A tais requisitos aliavam-se outros.
Vimos-lhe em páginas anteriores a gênese tocante.
Não dissemos, porém, que, criando-o, o estóico Anchieta do Norte aquilatara bem as condições privilegiadas do local.
De fato, a vila — ereta no sopé da serrania de onde promana a única fonte perene da redondeza — contrasta, insulada, com a esterilidade ambiente. Decorre isto de sua situação topográfica. A sublevação de rochas primitivas que se alteiam aos lados, para o norte e para leste, levanta-se como anteparo aos ventos regulares, que até lá progridem, e torna-se condensador admirável dos escassos vapores que ainda os impregnam, graças ao resfriamento decorrente de uma ascensão repentina pelos flancos das serranias. Depõem-se, então, aqueles, em chuvas quase regulares, originando regime climatológico mais suportável, a dous passos dos sertões estéreis para onde rolam, mais secos, os ventos, depois da travessia.
De sorte que enquanto em roda se desenrolam plainos desolados, num raio de alguns quilômetros partindo de Monte Santo se estende região incomparavelmente mais vivaz. Recortam-na pequenos cursos d’água resistentes às secas. Pelas baixadas, para onde descaem os morros, notam-se rudimentos de florestas, transmudando-se as caatingas em cerradões virentes; e o rio de Cariacá com seus tributários minúsculos, embora efêmero como os demais das cercanias, não se esgota de todo nas maiores secas: fraciona-se, retalhado em cacimbas reduzidas a imperceptíveis filetes deslizando entre pedras, mas permitindo ainda que resistam ao flagelo os habitantes convizinhos.

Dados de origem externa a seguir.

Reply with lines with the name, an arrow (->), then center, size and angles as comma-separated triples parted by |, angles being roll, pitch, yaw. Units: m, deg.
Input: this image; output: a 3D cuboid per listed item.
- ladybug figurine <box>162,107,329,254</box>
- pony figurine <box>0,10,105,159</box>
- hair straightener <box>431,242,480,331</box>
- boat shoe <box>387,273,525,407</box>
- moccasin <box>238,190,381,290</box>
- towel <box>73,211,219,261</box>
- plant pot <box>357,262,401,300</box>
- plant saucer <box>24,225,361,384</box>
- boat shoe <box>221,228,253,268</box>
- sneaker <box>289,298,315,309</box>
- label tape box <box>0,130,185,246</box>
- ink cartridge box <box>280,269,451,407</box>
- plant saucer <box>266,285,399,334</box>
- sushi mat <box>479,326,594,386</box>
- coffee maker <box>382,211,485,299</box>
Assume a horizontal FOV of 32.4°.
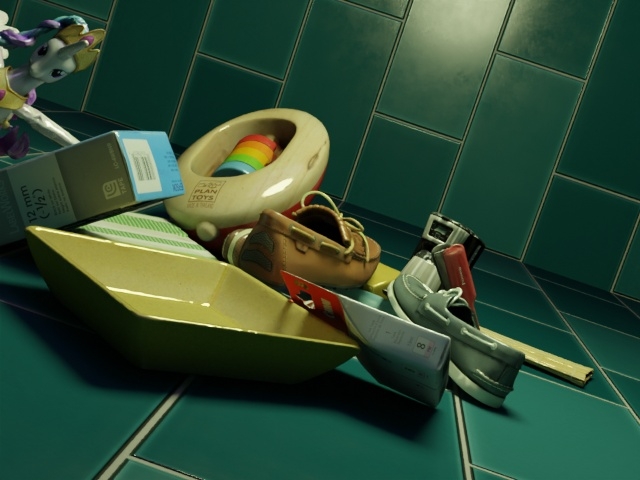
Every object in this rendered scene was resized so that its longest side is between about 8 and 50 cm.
ladybug figurine -> -0.137, -0.108, 2.150 | 0.305, 0.161, 0.449 | 3, 32, 23
pony figurine -> -0.500, -0.211, 1.699 | 0.302, 0.363, 0.351 | 58, -13, -11
hair straightener -> 0.231, 0.110, 1.802 | 0.047, 0.230, 0.089 | -27, 15, -19
boat shoe -> 0.210, 0.129, 1.703 | 0.116, 0.099, 0.319 | 23, 17, -34
moccasin -> -0.002, -0.001, 1.855 | 0.139, 0.147, 0.380 | 23, 9, 33
towel -> -0.306, 0.004, 1.847 | 0.248, 0.038, 0.325 | 12, 12, -33
plant pot -> 0.097, 0.092, 2.023 | 0.081, 0.081, 0.083 | 24, 20, 33
plant saucer -> -0.172, 0.090, 1.374 | 0.333, 0.081, 0.333 | 13, 10, -39
boat shoe -> -0.124, 0.027, 1.936 | 0.095, 0.095, 0.257 | 18, -5, 22
sneaker -> -0.063, 0.114, 1.600 | 0.067, 0.064, 0.175 | 0, -6, 23
label tape box -> -0.404, -0.061, 1.631 | 0.348, 0.115, 0.249 | -19, 2, 10
ink cartridge box -> 0.055, 0.131, 1.432 | 0.232, 0.066, 0.189 | 18, -18, 12
plant saucer -> 0.036, 0.117, 1.827 | 0.318, 0.043, 0.317 | 18, 8, -3
sushi mat -> 0.358, 0.201, 2.086 | 0.317, 0.019, 0.151 | 21, 9, 21
coffee maker -> 0.206, 0.053, 1.991 | 0.120, 0.178, 0.171 | 31, -5, 7

É natural que seja Monte Santo, desde muito, uma paragem remansada, predileta aos que se aventuram naquele sertão bravio. Não surgia pela primeira vez na história. Muito antes dos que agora o procuravam, outros expedicionários, porventura mais destemerosos e, com certeza, mais interessantes, por ali haviam passado, norteados por outros desígnios. Mas quer para os bandeirantes do século XVII, quer para os soldados destes tempos, o lugar predestinado constituiu-se escala transitória e breve mal relembrando em acontecimentos de maior monta. Não deixa, contudo, de ser expressiva a sua função histórica, entre devassadores de sertões, distintos por opostos intuitos e desunidos por três séculos, porém tendo — como veremos — a afinidade dos mesmos rancores e das mesmas arrancadas violentas.
Ali estacionara o pai de Robério Dias, Belchior Moréia, na sua rota atrevida “do rio Real para as serras de Jacobina pelo rio Itapicuru acima, buscando os sertões de Maçacará”. E em torno desta entrada, continuaram outras, orientadas pelos roteiros confusos nos quais, todavia, o antigo nome da serra — Piquaraçá — se lê sempre, demarcando uma paragem benfazeja naqueles terrenos agros.
Por isto centralizou, de algum modo, a primeira agitação feita em torno das lendárias “Minas de Prata”, desde as pesquisas inúteis do Muribeca, que até lá chegara e não passara avante, “com pouco efeito e pouca diligência”, até ao tenaz Pedro Barbosa Leal, acompanhando as trilhas de Moréia e estacionando por muitos dias na montanha, onde marcas indecifráveis denotavam a passagem de antecessores igualmente audazes.
Passaram-se, porém, os tempos. Ficou perdida no sertão a serraria misteriosa onde muitos imaginavam, talvez a sede do eldorado apetecido, até que Apolônio de Todi a transformasse em templo majestoso e rude, como vimos.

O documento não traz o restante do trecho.